At least with a typical desktop CPU, you can't really specify much about cache usage directly. You can still try to write cache-friendly code though. On the code side, this often means unrolling loops (for just one obvious example) is rarely useful -- it expands the code, and a modern CPU typically minimizes the overhead of looping. You can generally do more on the data side, to improve locality of reference, protect against false sharing (e.g. two frequently-used pieces of data that will try to use the same part of the cache, while other parts remain unused).

Edit (to make some points a bit more explicit):

A typical CPU has a number of different caches.
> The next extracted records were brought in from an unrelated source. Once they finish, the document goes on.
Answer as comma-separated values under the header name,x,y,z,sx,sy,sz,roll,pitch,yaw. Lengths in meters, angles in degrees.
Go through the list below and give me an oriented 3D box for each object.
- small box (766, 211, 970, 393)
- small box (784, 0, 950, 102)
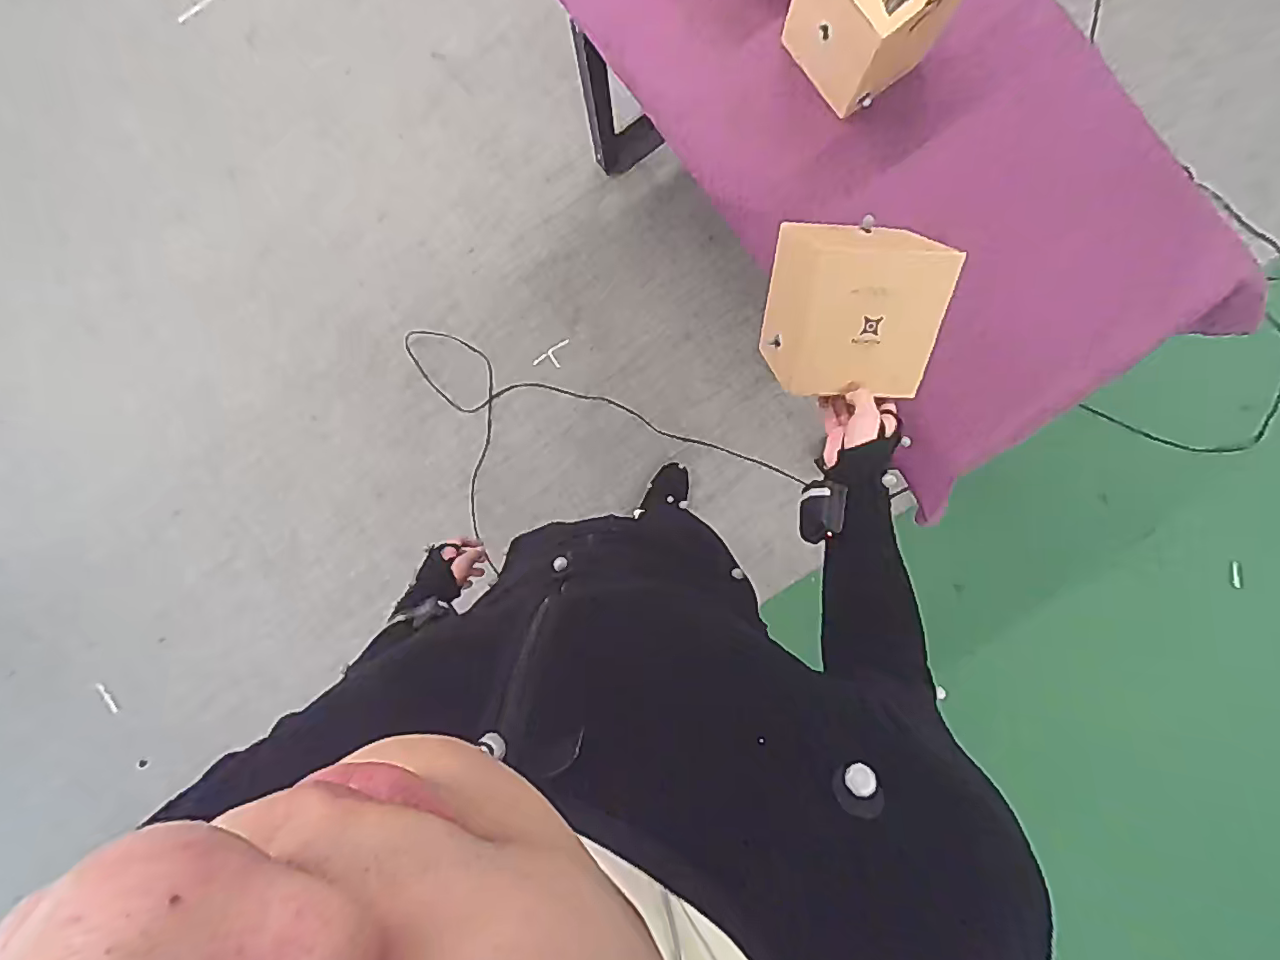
name,x,y,z,sx,sy,sz,roll,pitch,yaw
small box,0.268,-0.228,0.687,0.168,0.176,0.179,2,124,-4
small box,0.346,-0.720,0.814,0.168,0.176,0.179,-36,88,1
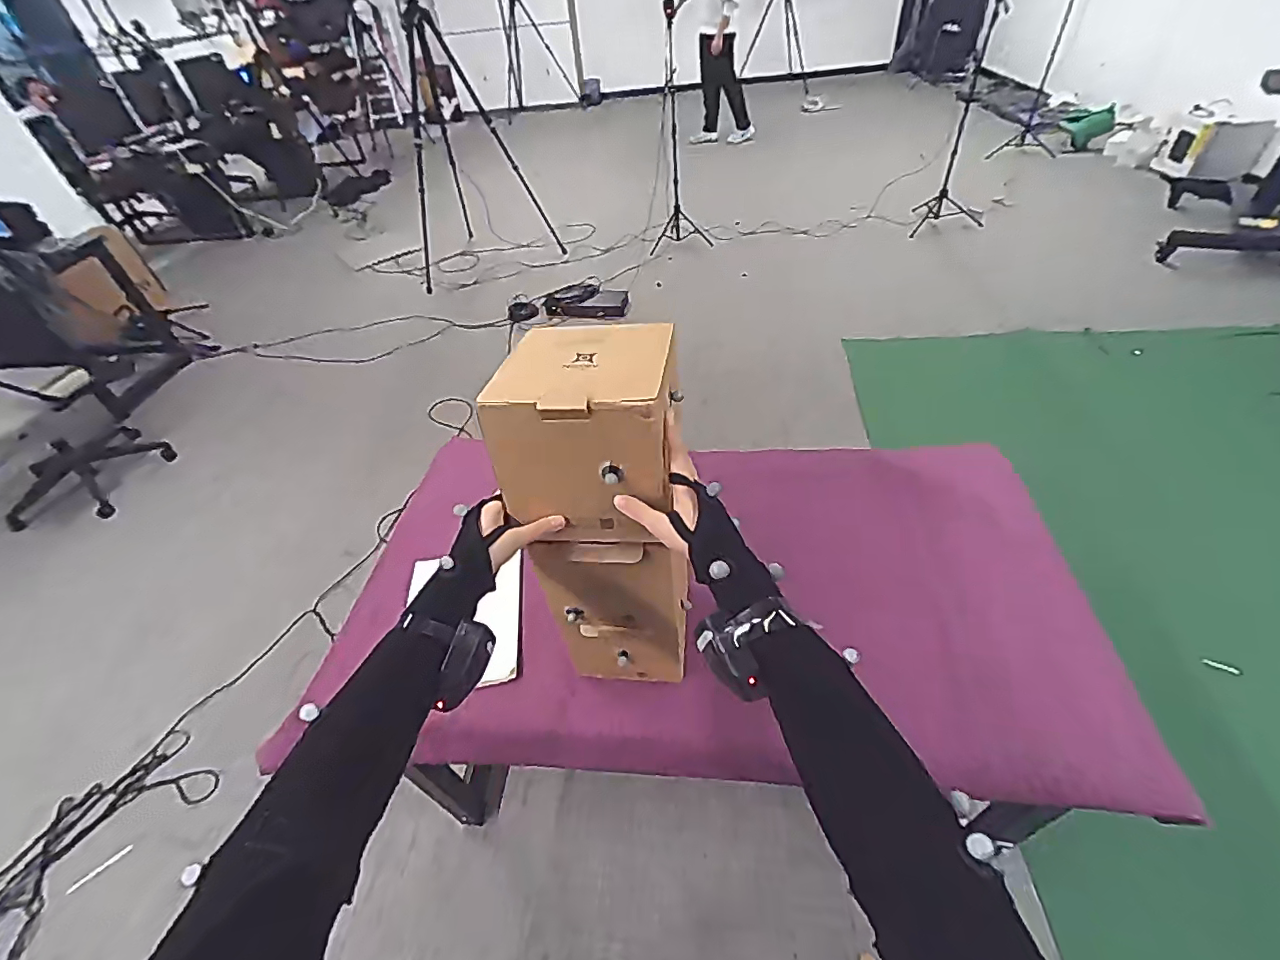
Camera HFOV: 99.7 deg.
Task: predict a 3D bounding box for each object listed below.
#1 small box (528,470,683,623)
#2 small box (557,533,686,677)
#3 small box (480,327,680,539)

A modern desktop processor will typically have at least 2 and often 3 levels of cache. By (at least nearly) universal agreement, "level 1" is the cache "closest" to the processing elements, and the numbers go up from there (level 2 is next, level 3 after that, etc.)

In most cases, (at least) the level 1 cache is split into two halves: an instruction cache and a data cache (the Intel 486 is nearly the sole exception of which I'm aware, with a single cache for both instructions and data--but it's so thoroughly obsolete it probably doesn't merit a lot of thought).

In most cases, a cache is organized as a set of "lines". The contents of a cache is normally read, written, and tracked one line at a time. In other words, if the CPU is going to use data from any part of a cache line, that entire cache line is read from the next lower level of storage. Caches that are closer to the CPU are generally smaller and have smaller cache lines.

This basic architecture leads to most of the characteristics of a cache that matter in writing code. As much as possible, you want to read something into cache once, do everything with it you're going to, then move on to something else.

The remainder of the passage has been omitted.